Chapter 89
Dungeon Status:
Tier 2
Level 19/100
Heart 1299600/1299600
Experience 3699/324900
Workers 27/121
Monsters 9/123
Traps 67/294
Food 2459
Timber 7322
Iron 2292
Steel 905
Charcoal 4938
Mana 1101
Rock 2262
Gold 1057
Leather 17
Leather Sludge 300
Lava 500
Glass 635
Explosive Runes 5
Triggered Explosive Runes 0
Triggered Explosive Runes (repeating) 15
Long Guns 12
Bullets 1700
Black Powder 1700
Poison, Greater 1200
Sulfur 880
Quest: Kill 109 invaders.
Quest: Capture an adventurer and put them in your jail.
Quest: Mine some mithril.
Travis wished the toy cannon had triggered something, but the lack of an unlock from it made him focus more on building. Growing, after all, would bring bigger things.

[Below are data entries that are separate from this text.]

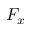<formula> <loc_0><loc_0><loc_500><loc_500>F _ { x }</formula> 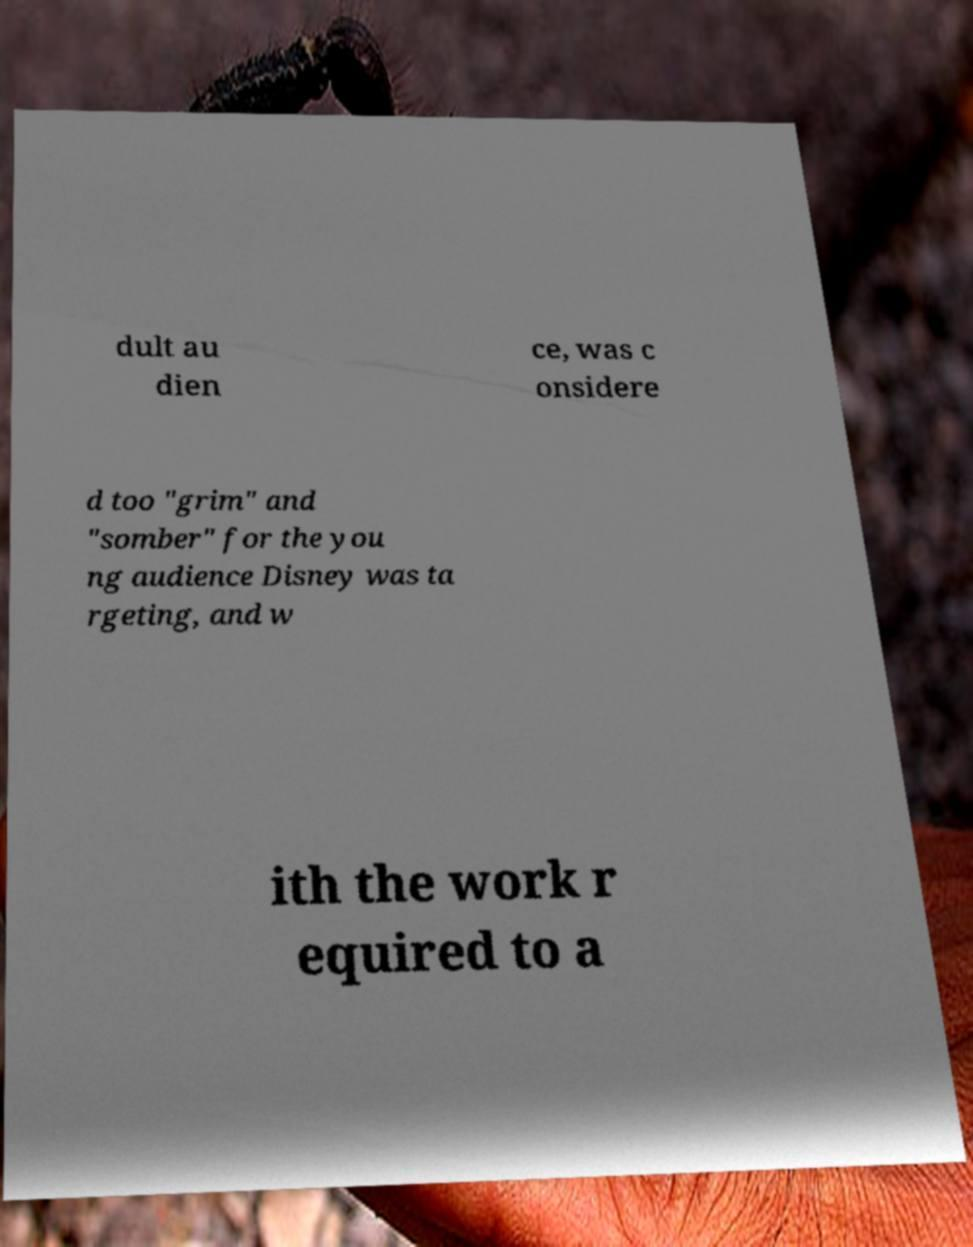There's text embedded in this image that I need extracted. Can you transcribe it verbatim? dult au dien ce, was c onsidere d too "grim" and "somber" for the you ng audience Disney was ta rgeting, and w ith the work r equired to a 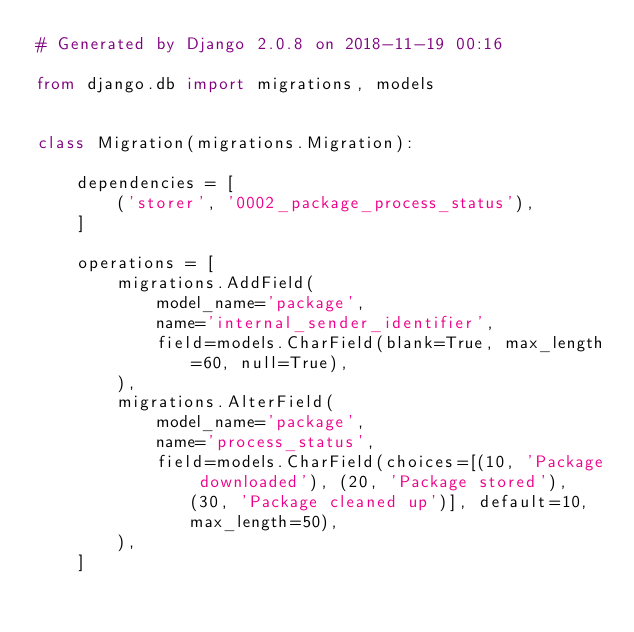Convert code to text. <code><loc_0><loc_0><loc_500><loc_500><_Python_># Generated by Django 2.0.8 on 2018-11-19 00:16

from django.db import migrations, models


class Migration(migrations.Migration):

    dependencies = [
        ('storer', '0002_package_process_status'),
    ]

    operations = [
        migrations.AddField(
            model_name='package',
            name='internal_sender_identifier',
            field=models.CharField(blank=True, max_length=60, null=True),
        ),
        migrations.AlterField(
            model_name='package',
            name='process_status',
            field=models.CharField(choices=[(10, 'Package downloaded'), (20, 'Package stored'), (30, 'Package cleaned up')], default=10, max_length=50),
        ),
    ]
</code>

With the verdant dungeon settling in, and a fresh contingent of soldiers heading through to guard the fort around its other entrance, Travis had settled in his new workers into the dungeon by first having them dig out their own quarters.

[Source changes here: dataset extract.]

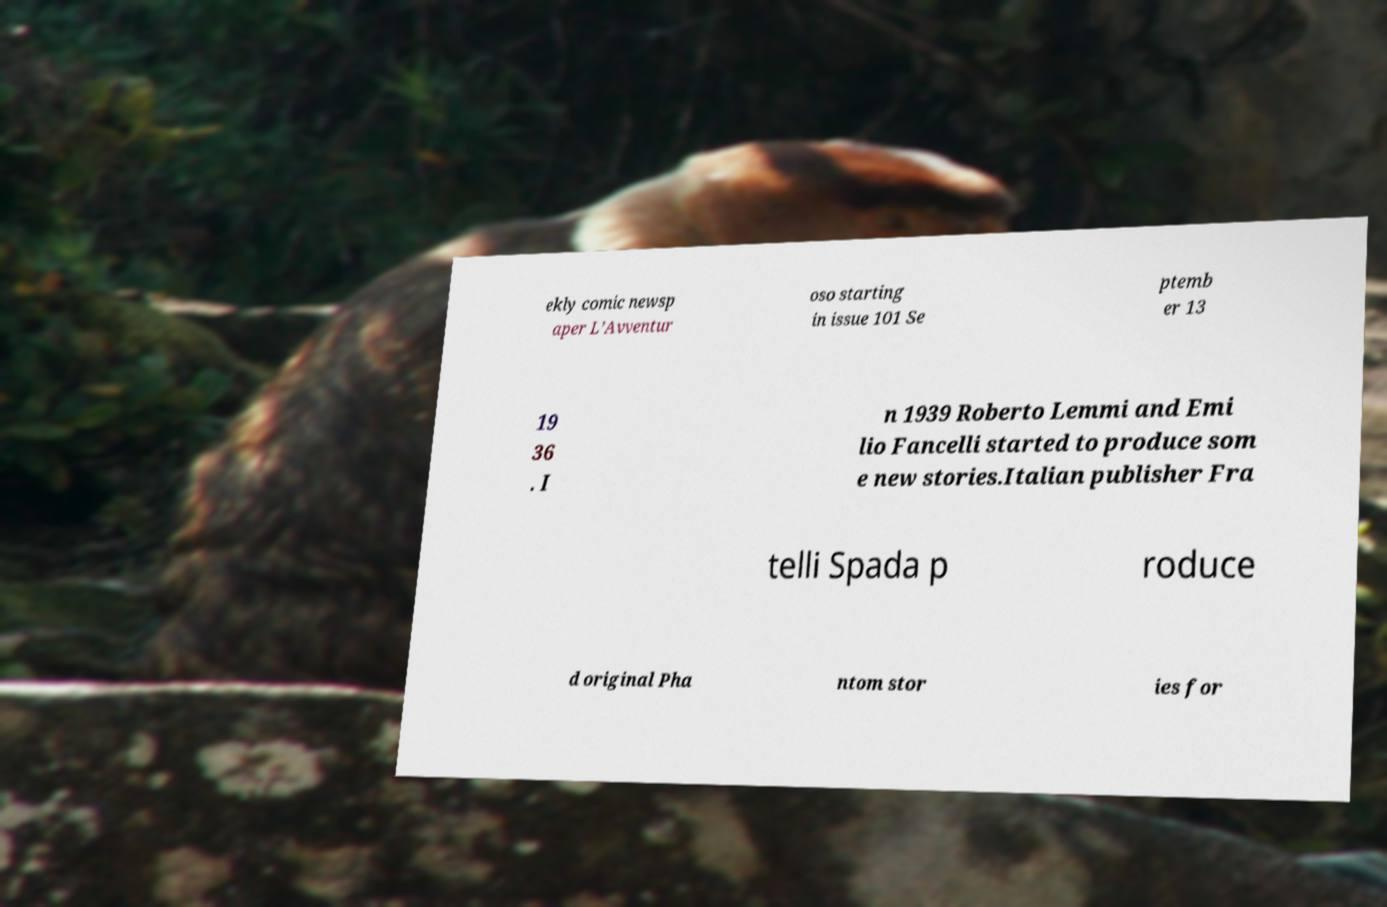For documentation purposes, I need the text within this image transcribed. Could you provide that? ekly comic newsp aper L’Avventur oso starting in issue 101 Se ptemb er 13 19 36 . I n 1939 Roberto Lemmi and Emi lio Fancelli started to produce som e new stories.Italian publisher Fra telli Spada p roduce d original Pha ntom stor ies for

The other serious thing had been to start mining their own sulfur for black powder. His lizards seemed intent on finding mana shrines as quickly as they could dig out tunnels linking them up.
"I can't believe you gave half your resources to them," Robert said, processing more of the black powder in an ever-continuous process now.
It wasn't the first time Travis had defended himself on the idea. "I have a good reason for it. Besides, if she can provide half the food for the city, why should we work our butts off digging more farm area? If my guess on floor delving is right, they will pay back way more than what I gave them, and it was only the rewards from delving the undead dungeon."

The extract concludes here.